BOTHWELL’S TRIAL AND ACQUITTAL.
During the whole of the day that succeeded her husband’s death, (Monday the 10th of February 1567), Mary shut herself up in her own apartment, and would see no one. Bothwell was anxious to have conversed with her, but overpowered with grief, she was unable to listen to any thing he wished to say.[57]In the meantime all was confusion and dismay in Edinburgh, and wherever the news of this strange murder arrived, a thousand contradictory reports went abroad. Some suspected one thing, and some another; and it must be recollected, that although, at a subsequent date, facts came out sufficient to fix the guilt upon those who had really committed the crime, as yet there was nothing but mere vague conjecture. Mary herself was lost in wonder and doubt. Most of the nobility who were near her wished to persuade her, at Bothwell’s instigation, that her husband’s death was either the effect of accident, or that it had been brought about by the malice and villany of some obscure and ignoble traitors;and every endeavour being thus made to mislead her, she was the very last who could be expected to know the truth. Accordingly, it appears by a letter she wrote to the Archbishop of Glasgow, her ambassador at Paris, on Tuesday the 11th (two days after the murder), that she was still but very imperfectly informed even of the manner of Darnley’s death. This letter, at once so simple and natural, must not be omitted here. She had, the same morning, received a despatch from her ambassador, in which he had expressed a fear, that the pardon she had lately given to Morton, Ruthven, Lindsay and others, might involve her in trouble. Mary’s answer was as follows:
“Most Reverend Father in God, and trust Counsellor, we greet you well: We have received this morning your letters of the 27th January, by your servant Robert Dury, containing in part such advertisement as we find by effect over true, albeit the success has not altogether been such as the authors of that mischievous fact had preconceived in their mind, and had put it in execution, if God in his mercy had not preserved us and reserved us, as we trust, to the end that we may take a vigorous vengeance of that mischievous deed, which, before it should remain unpunished, we had rather lose life and all. The matter is horrible, and so strange, that we believe the like was never heard of in any country. This night past, being the 9th February, a little after two hours after midnight, the house wherein the King was lodged was in an instant blown in the air, he lying sleeping in his bed, with such a vehemency, that of the whole lodging, walls, and other, there is nothing remaining,—no, not a stone aboveanother, but all either carried far away, or dung in dross to the very ground-stone. It must be done by force of powder, and appears to have been a mine.[58]By whom it has been done, or in what manner, it appears not as yet. We doubt not but, according to the diligence our Council has begun already to use, the certainty of all shall be obtained shortly; and the same being discovered, which we wot God will never suffer to lie hid, we hope to punish the same with such rigour, as shall serve for example of this cruelty to all ages to come. At all events, whoever has taken this wicked enterprise in hand, we assure ourself it was devised as well for us as for the King; for we lay all the most part of all the last week in that same lodging, and were there accompanied with the most part of the lords that are in this town, that same night at midnight, and of very chance tarried not all night, by reason of some masque in the Abbey; but we believe it was not chance, but God that put it in our head.[59]We despatch this bearer upon the sudden, and therefore write to you the more shortly. Therest of your letter we shall answer at more leisure, within four or five days, by your own servant; and so, for the present, commit you to Almighty God.—At Edinburgh, the 11th day of February 1556-7.—Marie R.”[60]

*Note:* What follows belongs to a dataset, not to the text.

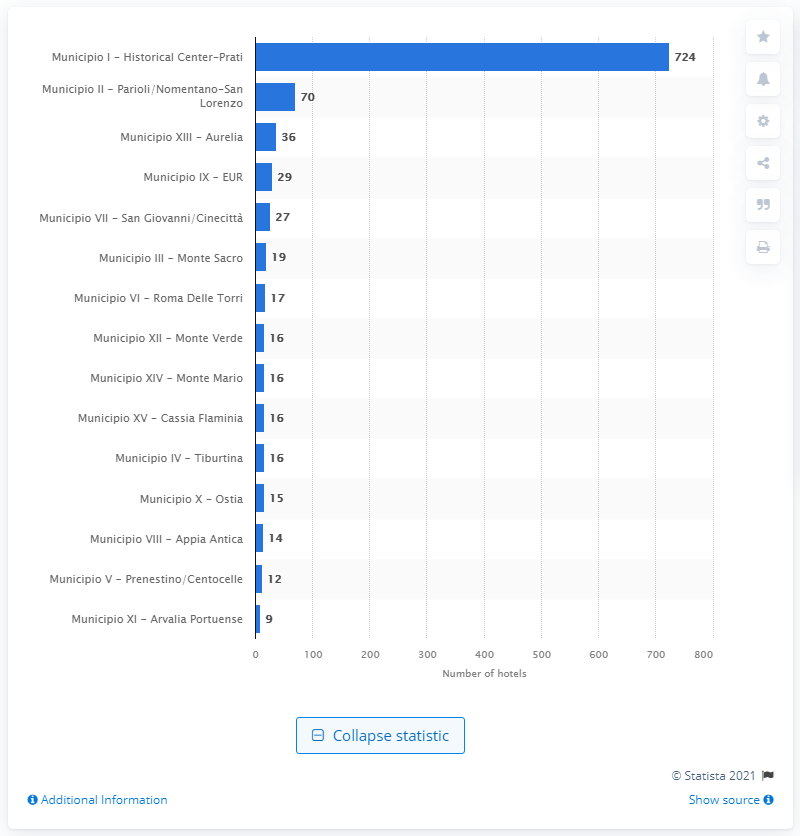Mention a couple of crucial points in this snapshot. In 2019, the Municipio I - Historical Center - Prati had a total of 724 hotels.

In accordance with the resolution intimated in the above letter, to seek out and vigorously punish her husband’s murderers, a proclamation was issued upon Wednesday the 12th, immediately after an inquisition had been taken by the Justice-General, offering a reward of two thousand pounds, and “an honest yearly rent,” to whosoever should reveal “the persons, devisers, counsellors, or actual committers of the said mischievous and treasonable murder,” and promising besides to the first revealer, although a partaker of the crime, a free pardon. The same proclamation declared, that as “Almighty God would never suffer so horrible a deed to lie hid, so, before it should remain untried, the Queen’s Majesty, unto whom of all others the case was most grievous, would rather lose life and all.”[61]In the mean time, not knowing but that the same traitors who had murdered her husband, might intend a similar fate for herself, Mary removed to the Castle, as a place of greater security than Holyrood Palace. There she remained shut up in a dark chamber, hung with black, till after Darnley’s burial. He lay in the Chapel at Holyrood, from the 12th to the 15th of February. His body having been embalmed, he was then interred in the royal vault, in which King James V.,together with his first wife, Magdalene, and his two infant sons, Mary’s brothers, lay. Buchanan, and his follower Laing, have both insisted upon the nocturnal secrecy and indifference with which the funeral ceremony was conducted. “The nobles that were there present,” says Buchanan, “decreed, that a stately and honourable funeral should be made for him; but the Queen ordered it so, that he was carried by private bearers in the night-time, and was buried in no manner of state.” The interpretation to be put upon this insidious passage is, that the Protestant Lords proposed to bury Darnley after the Presbyterian form, and that Mary refused her consent, and, in consequence, only the Catholics attended. “The ceremonies indeed,” says Lesley, “were the fewer, because that the greatest part of the Council were Protestants, and had before interred their own parents without accustomed solemnities.”[62]That Mary’s calumniators should have insisted upon this circumstance at all, only shows how eager they were to avail themselves of everything which they could pervert to their own purposes. Had Mary wished to act the hypocrite, nothing could have been easier for her than to have made a great parade at Darnley’s funeral.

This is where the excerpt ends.